I noticed—with more than a little pride—that I hadn’t been on the receiving end of any of those notes. Those same notes gave me the feeling that the two green-shirt rookies might not end up on the roster.

“I can’t fucking keep up with you,” Forrester muttered as our skates hit the rubberized floor that led to the locker room. “I could skate you under the table last year. What the hell did you do? Make a deal with the devil?”

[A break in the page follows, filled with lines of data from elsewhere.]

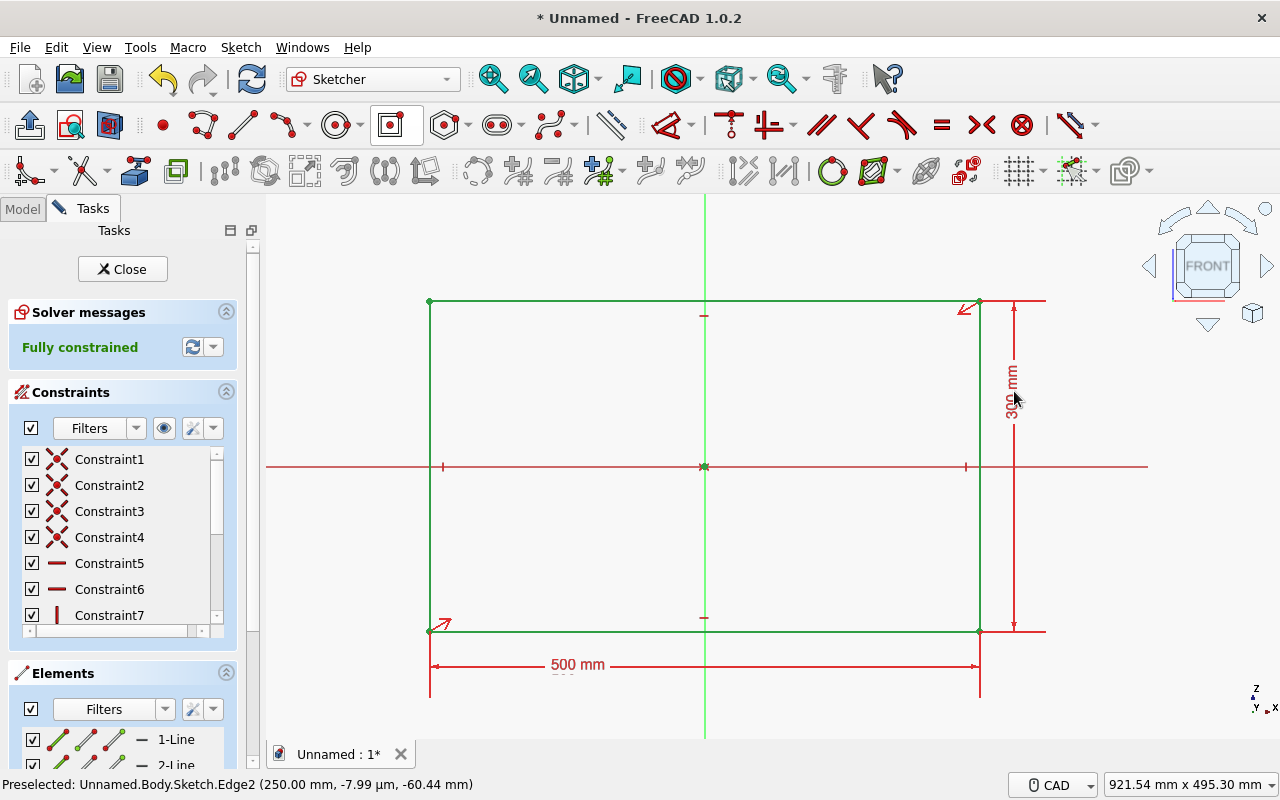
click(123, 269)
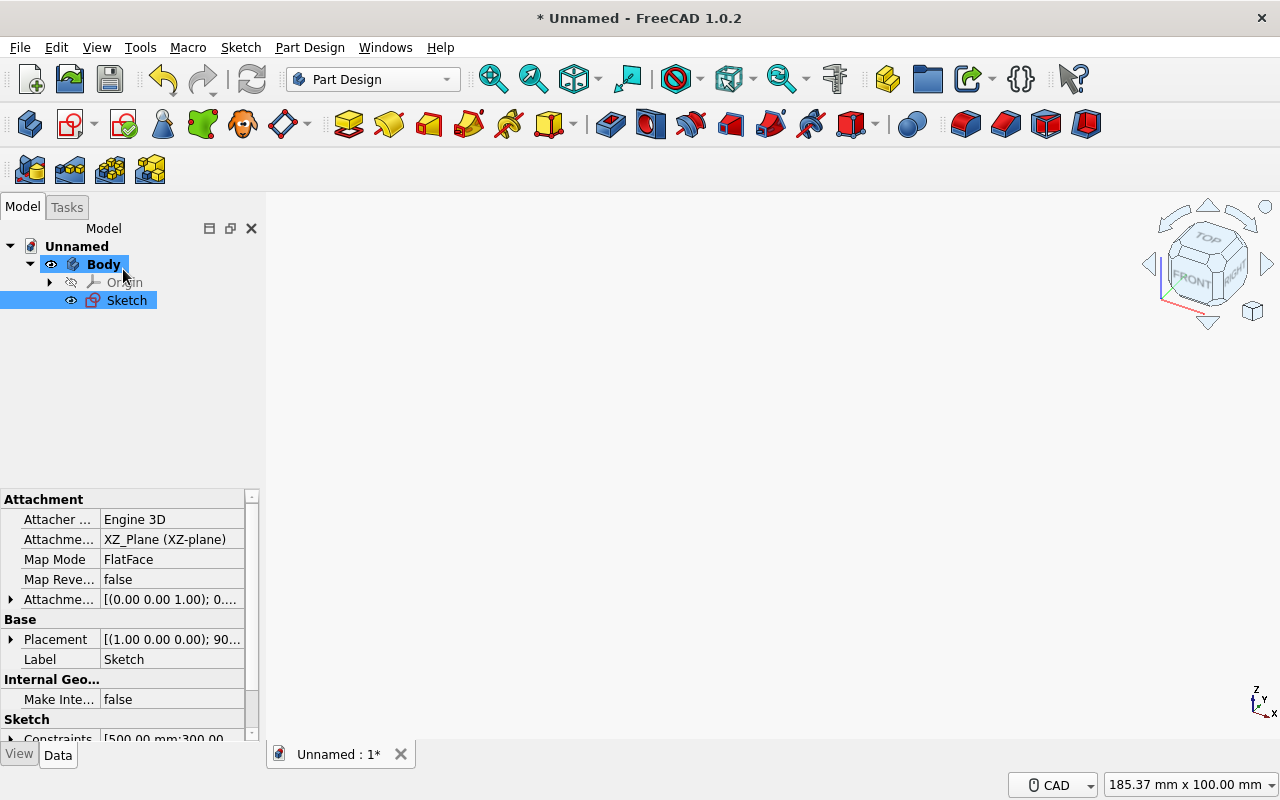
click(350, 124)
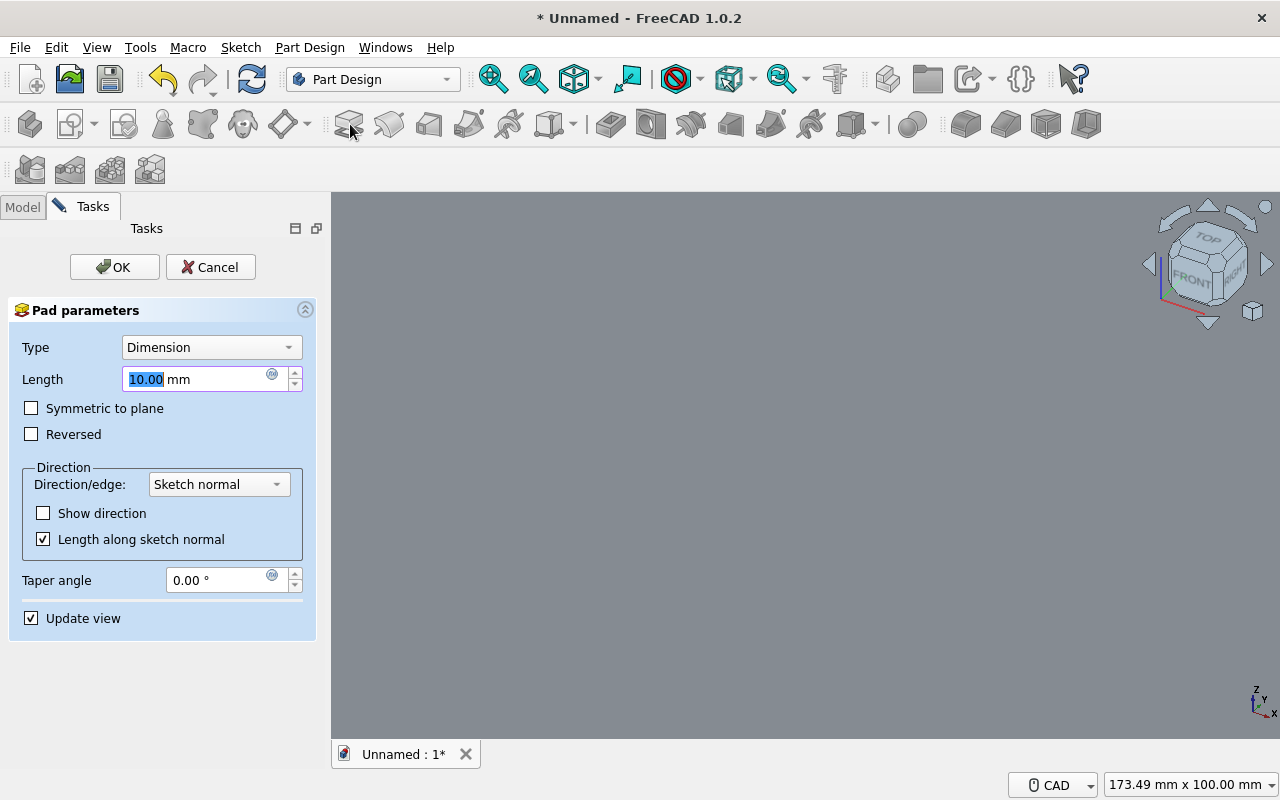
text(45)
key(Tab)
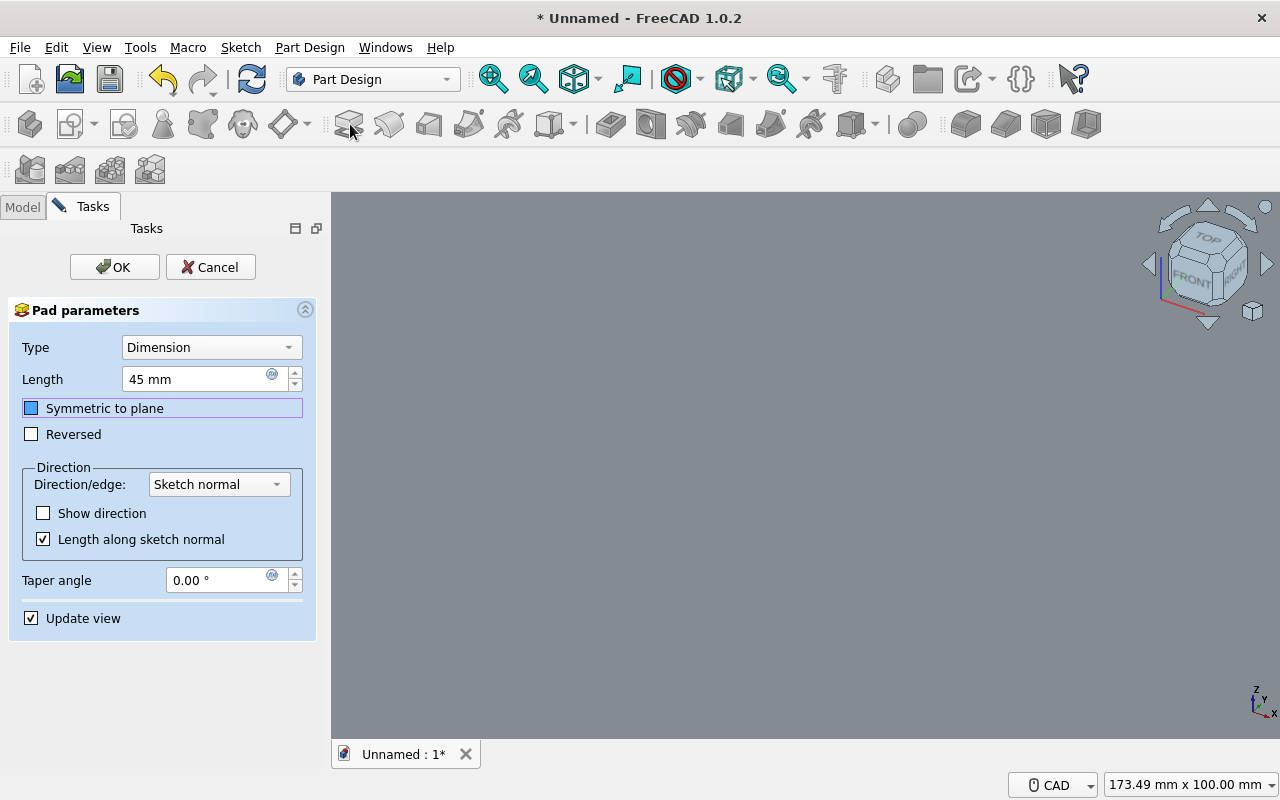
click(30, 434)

“If by make a deal, you mean spend at least three hours a day skating sprints and doing endurance training, then yes, yes I did.”

“Do you ever sleep?” he questioned, exasperated.

I put a hand on his jersey and stopped him just shy of the locker room door as the rest of the team funneled past.

“What?” he asked, not impudent, just...wary.

“What round did you get drafted in?” I asked.

“Second. Let me guess, you went first?”

Okay, now his tone was nasty.

“No, asshole. I spent years in the minors. Years. I clawed my way up here with blood and sweat while you glided in on your talent. You want the honest answer on how I beat you today?” I unsnapped my helmet and ripped it off.

“Yeah, I do.”

“I’m faster because I’m willing to work harder when you’re not even working. Period.”

He rolled his eyes. “Thanks. I appreciate all the advice.”

“I’m being serious, Forrester. You’ve got more talent than I do. By the end of the season, you’ll be outskating me every day. But I work harder because I have to. That jersey on your back isn’t a given. You can lose it at any moment. The difference between us is that I already know that and you’re just now learning. You want to keep that jersey? Get used to earning it every single day.”